Teaching a robot to perceive and navigate in an unstructured natural world is a difficult task. Without learning, navigation systems are short-range and extremely limited. With learning, the robot can be taught to classify terrain at longer distances, but these classifiers can be fragile as well, leading to extremely conservative planning. A robust, high-level learning-based perception system for a mobile robot needs to continually learn and adapt as it explores new environments. To do this, a strong feature representation is necessary that can encode meaningful, discriminative patterns as well as invariance to irrelevant transformations. A simple realtime classifier can then be trained on those features to predict the traversability of the current terrain.

One such method for learning a feature representation is discussed in detail in this work. Dimensionality reduction by learning an invariant mapping (DrLIM) is a weakly supervised method for learning a similarity measure over a domain. Given a set of training samples and their pairwise relationships, which can be arbitrarily defined, DrLIM can be used to learn a function that is invariant to complex transformations of the inputs such as shape distortion and rotation.

The main contribution of this work is a self-supervised learning process for long-range vision that is able to accurately classify complex terrain, permitting improved strategic planning. As a mobile robot moves through offroad environments, it learns traversability from a stereo obstacle detector. The learning architecture is composed of a static feature extractor, trained offline for a general yet discriminative feature representation, and an adaptive online classifier.
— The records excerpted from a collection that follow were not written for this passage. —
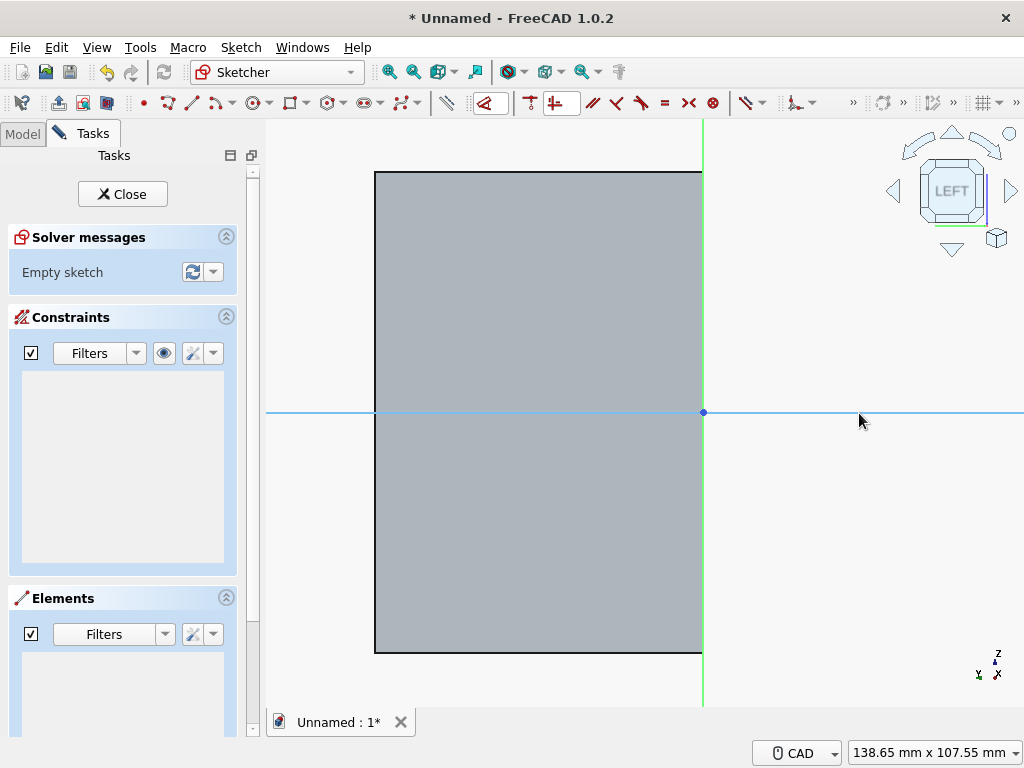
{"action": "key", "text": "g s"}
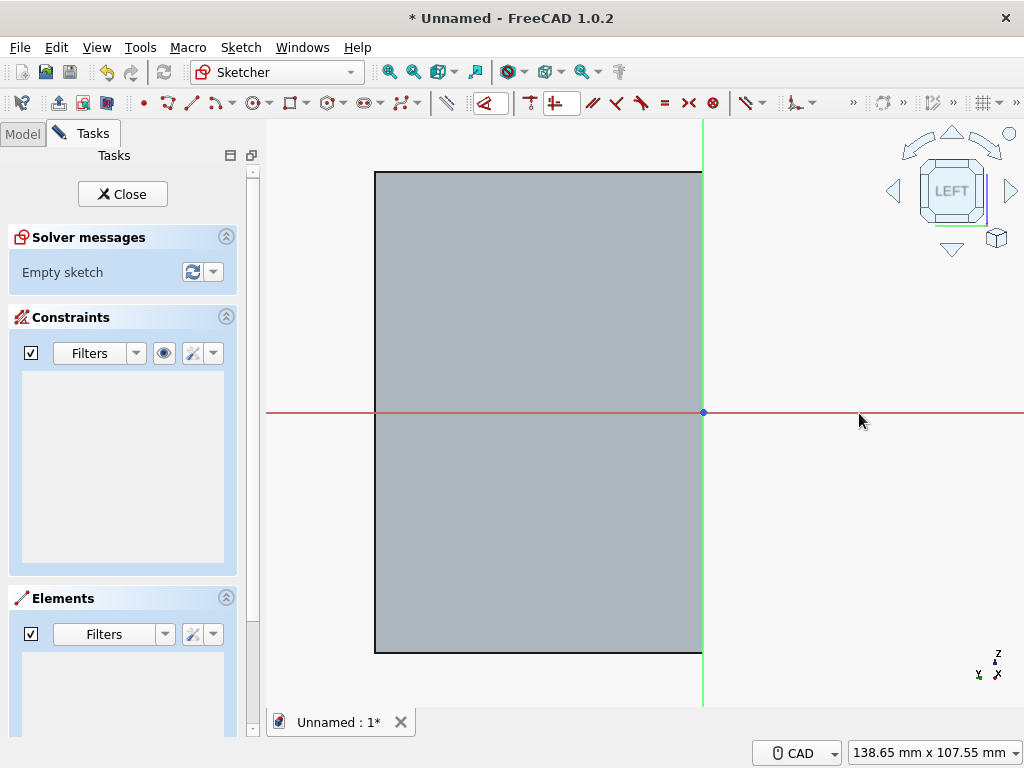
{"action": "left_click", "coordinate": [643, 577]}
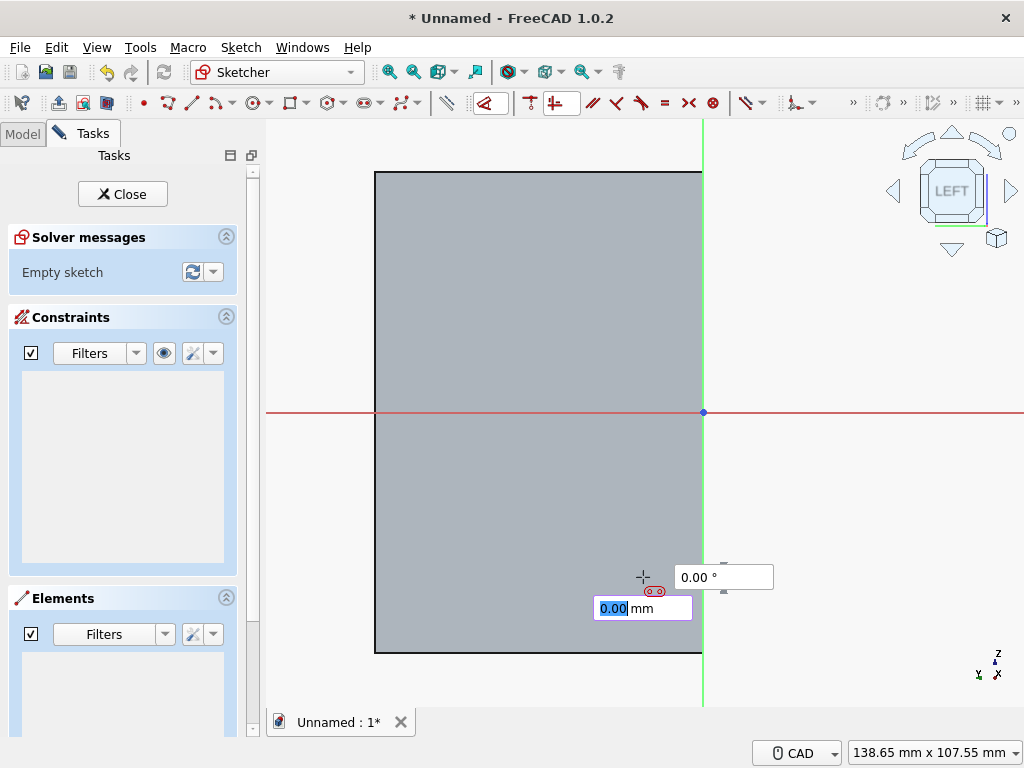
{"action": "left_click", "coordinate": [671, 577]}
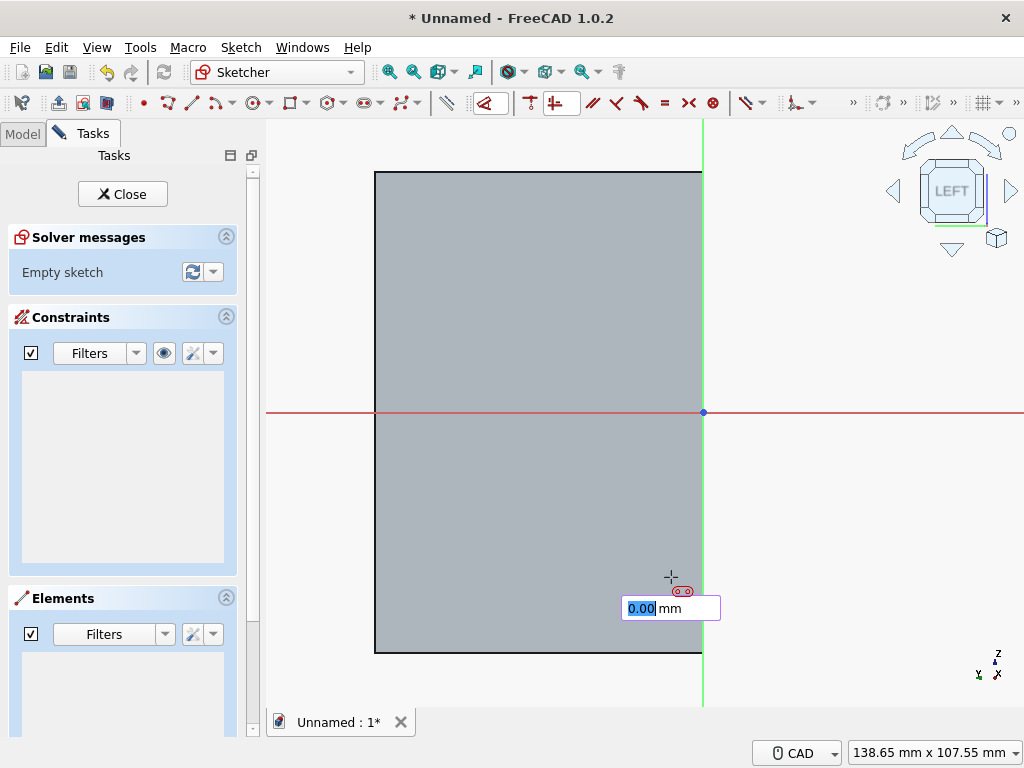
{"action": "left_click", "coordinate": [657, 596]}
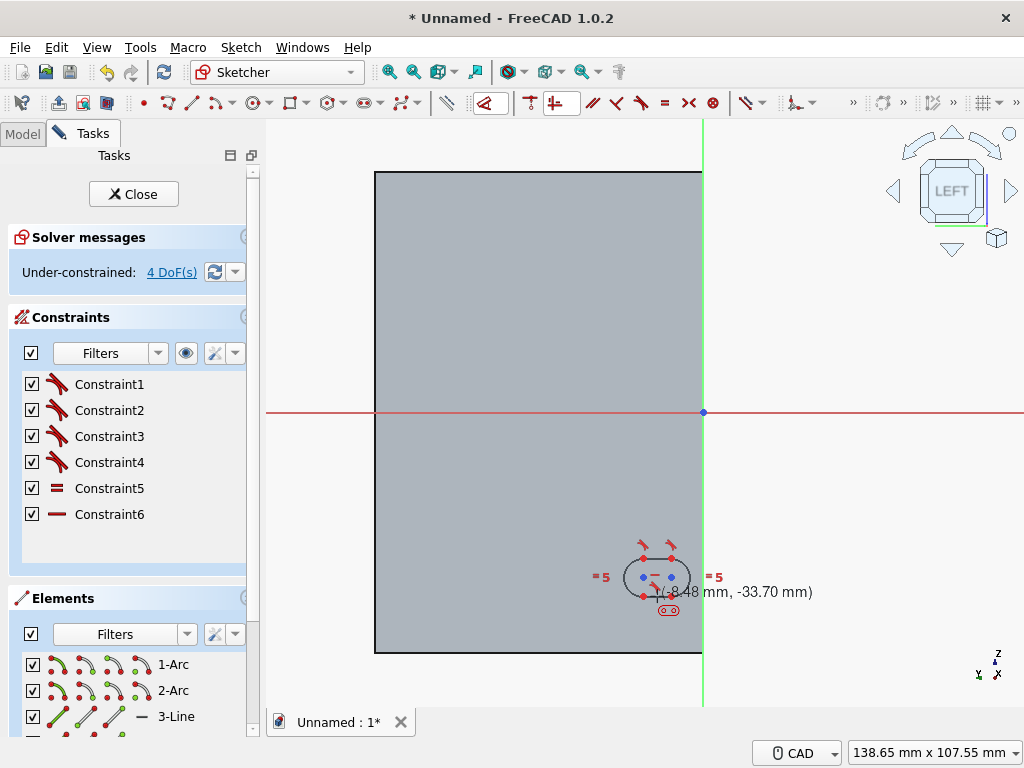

This architecture reduces the effect of concept drift by allowing the online classifier to quickly adapt to very few training samples without overtraining. After experiments with several different learned feature extractors, we conclude that unsupervised or weakly supervised learning methods are necessary for training general feature representations for natural scenes.

The process was developed and tested on the LAGR mobile robot as part of a fully autonomous vision-based navigation system.